EXERCISE.
Reproduce the opening lines of the listing below exactly, stopping after the line that contains "[00:00:03.4]" and leaving out any pictures.

DATA FOR THE TASK.
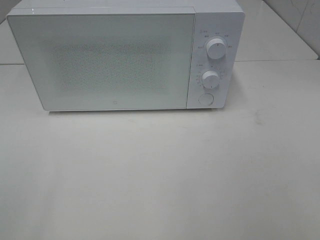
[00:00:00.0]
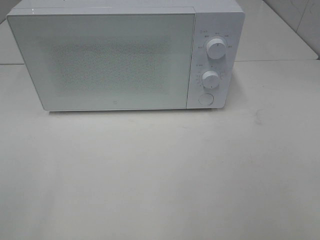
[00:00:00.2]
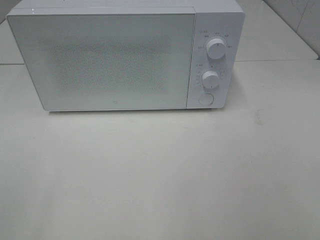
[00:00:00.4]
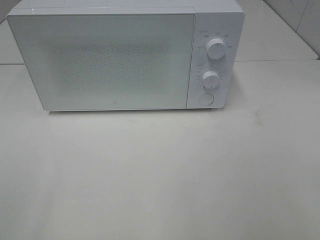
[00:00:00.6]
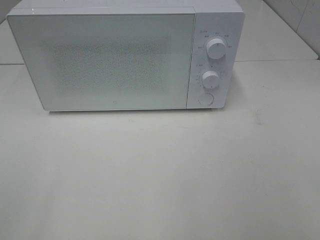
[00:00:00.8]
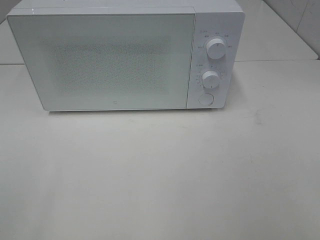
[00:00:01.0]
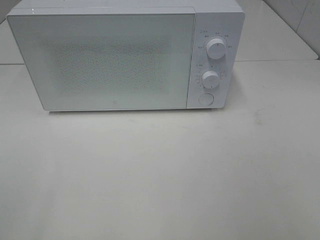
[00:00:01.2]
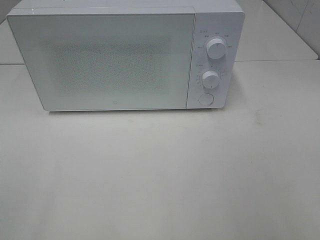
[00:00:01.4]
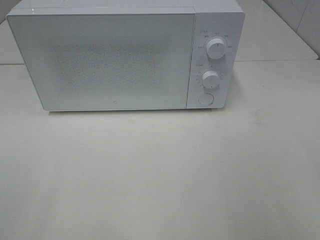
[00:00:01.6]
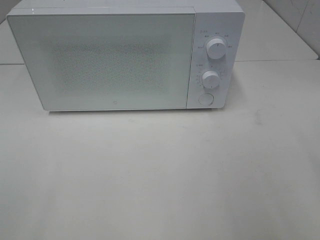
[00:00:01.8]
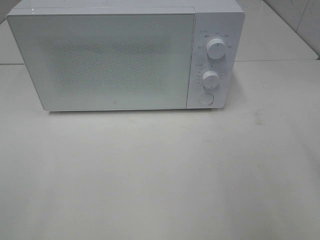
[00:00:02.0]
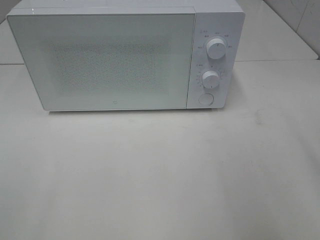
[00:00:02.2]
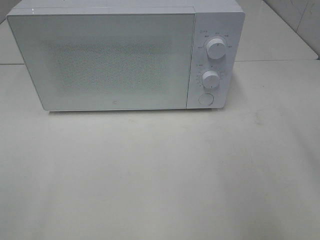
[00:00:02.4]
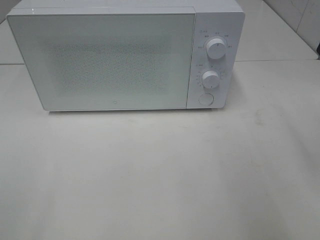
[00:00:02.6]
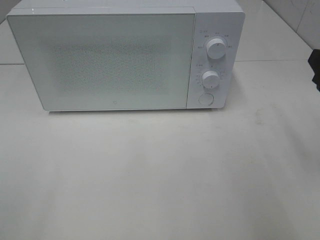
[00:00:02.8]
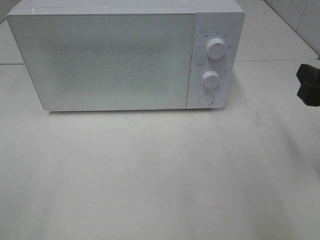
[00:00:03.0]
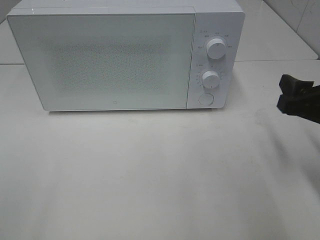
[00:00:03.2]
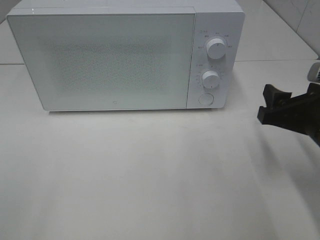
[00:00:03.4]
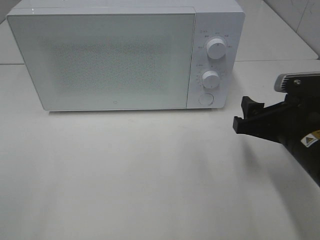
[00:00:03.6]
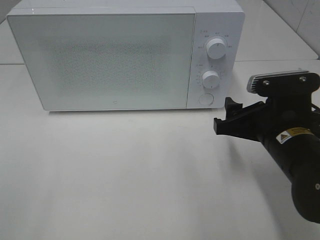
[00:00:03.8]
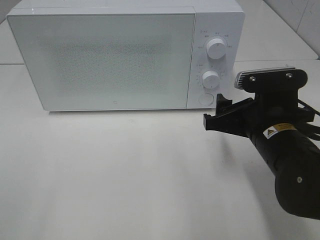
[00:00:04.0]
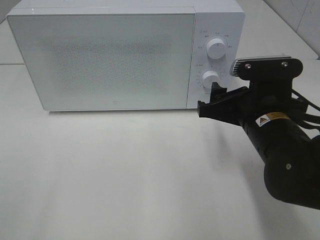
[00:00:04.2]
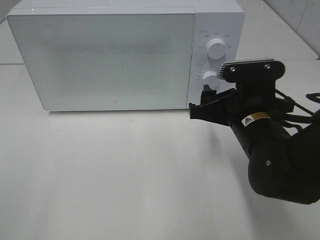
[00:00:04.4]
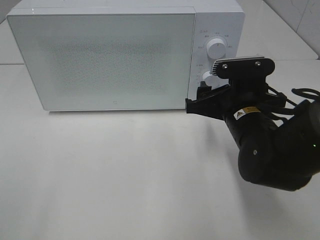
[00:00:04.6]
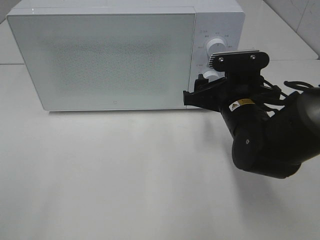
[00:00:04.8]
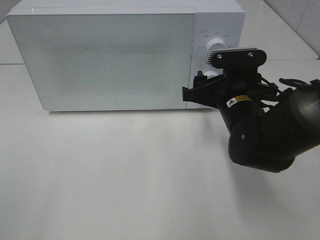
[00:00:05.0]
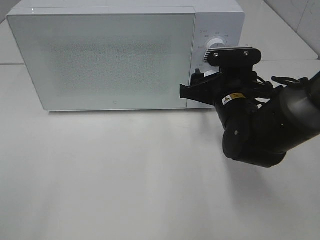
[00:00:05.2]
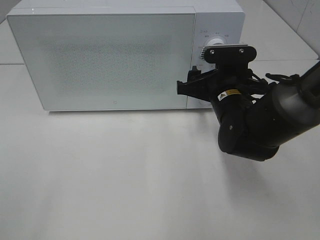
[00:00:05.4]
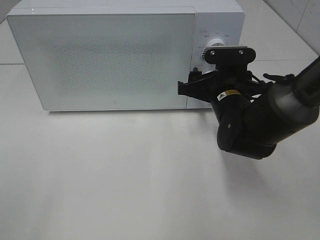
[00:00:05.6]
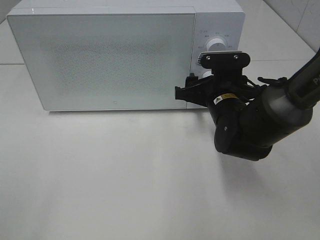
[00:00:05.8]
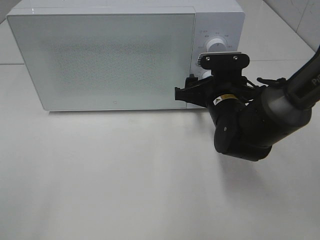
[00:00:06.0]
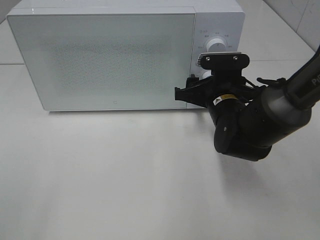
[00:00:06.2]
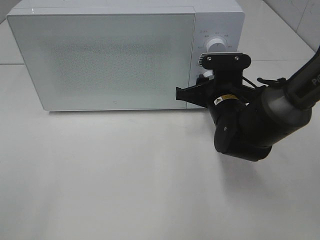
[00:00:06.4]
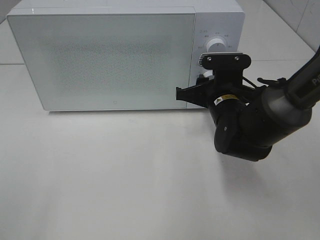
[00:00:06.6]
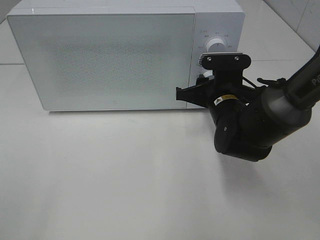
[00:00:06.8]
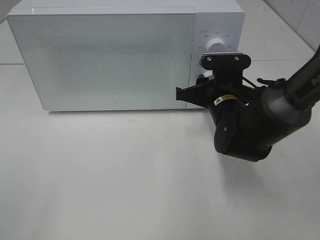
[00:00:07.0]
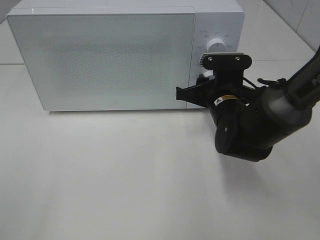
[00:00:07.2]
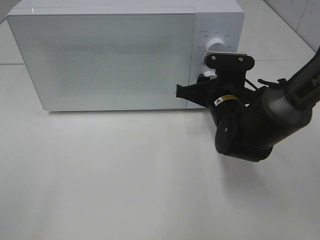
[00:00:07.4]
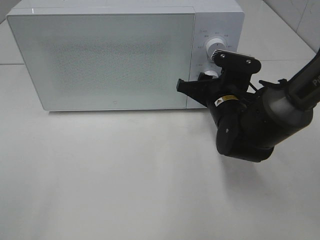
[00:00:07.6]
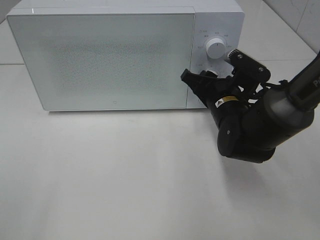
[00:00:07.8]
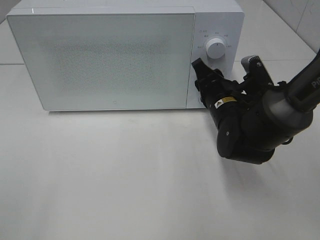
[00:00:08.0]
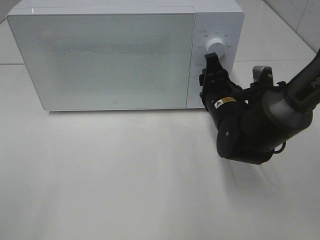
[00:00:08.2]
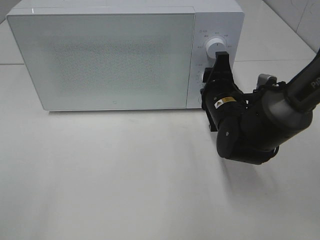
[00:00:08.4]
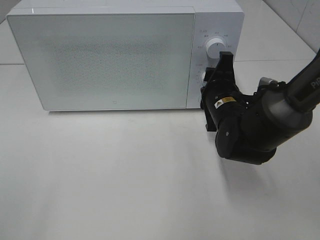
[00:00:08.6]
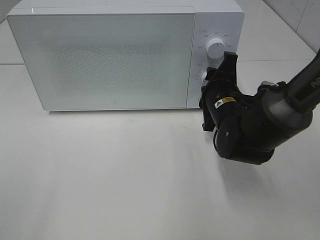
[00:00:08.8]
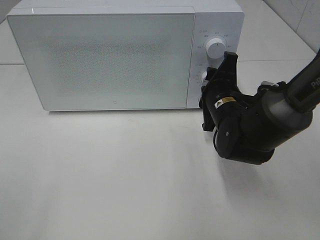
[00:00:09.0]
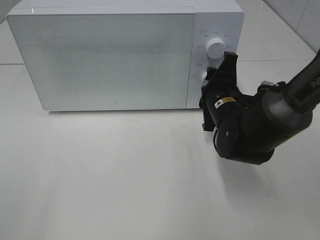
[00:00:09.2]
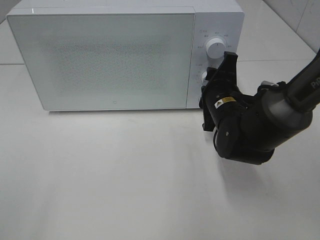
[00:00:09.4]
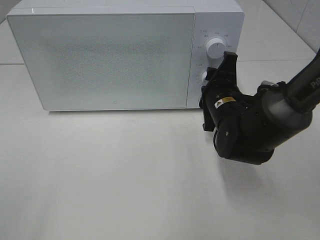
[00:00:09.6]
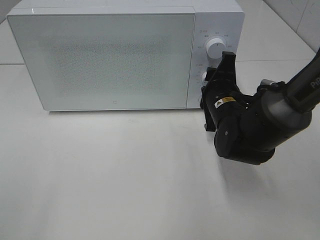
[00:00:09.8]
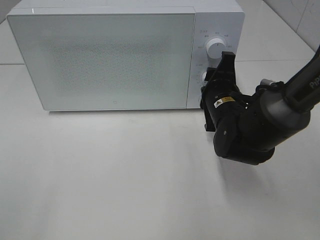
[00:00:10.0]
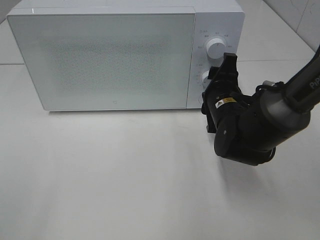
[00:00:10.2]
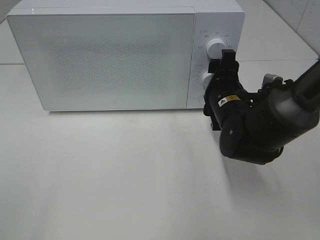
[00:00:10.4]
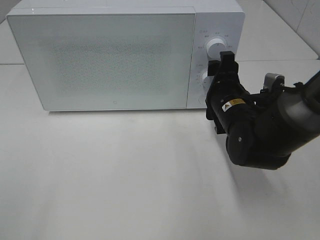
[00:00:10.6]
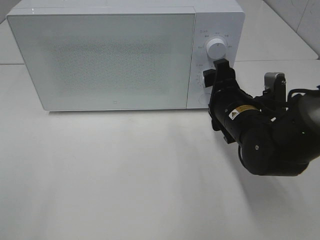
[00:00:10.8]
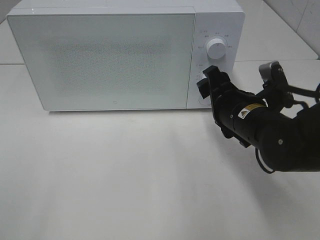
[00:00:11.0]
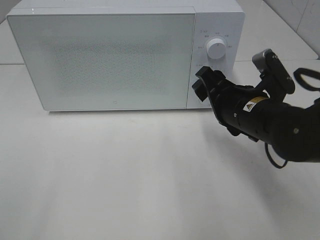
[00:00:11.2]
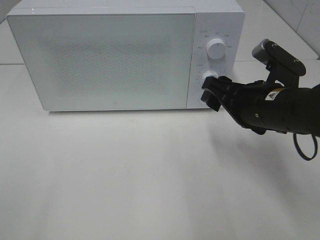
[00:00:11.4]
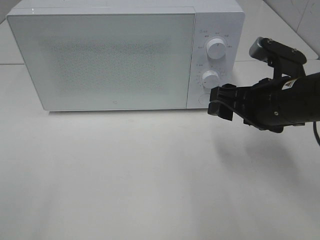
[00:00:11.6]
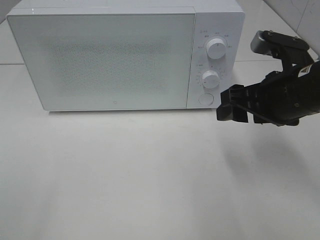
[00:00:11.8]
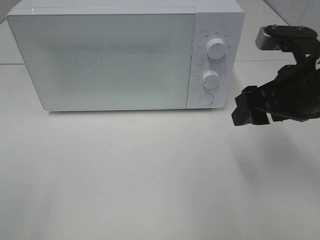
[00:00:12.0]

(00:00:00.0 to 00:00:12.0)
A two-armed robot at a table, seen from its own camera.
Task of the whole recording: Heat the burger.
Step, 00:00:00.0 - 00:00:10.2: Right hand: twist timer button.
00:00:01.6 - 00:00:03.0: The right gripper travels forward and downward by approximately 15 cm.
00:00:03.0 - 00:00:04.4: The right gripper heads to the left, covering approximately 15 cm.
00:00:04.4 - 00:00:06.0: The right gripper heads forward, covering some 10 cm.
00:00:06.0 - 00:00:07.6: The right gripper closes.
00:00:09.0 - 00:00:10.4: There are only small adjustments of the grippers.
00:00:10.4 - 00:00:12.0: The right gripper travels upward, backward and to the right by approximately 15 cm.

EXERCISE ANSWER.
[00:00:00.0]
[00:00:00.2]
[00:00:00.4]
[00:00:00.6]
[00:00:00.8]
[00:00:01.0]
[00:00:01.2]
[00:00:01.4]
[00:00:01.6]
[00:00:01.8]
[00:00:02.0]
[00:00:02.2]
[00:00:02.4]
[00:00:02.6]
[00:00:02.8]
[00:00:03.0]
[00:00:03.2]
[00:00:03.4]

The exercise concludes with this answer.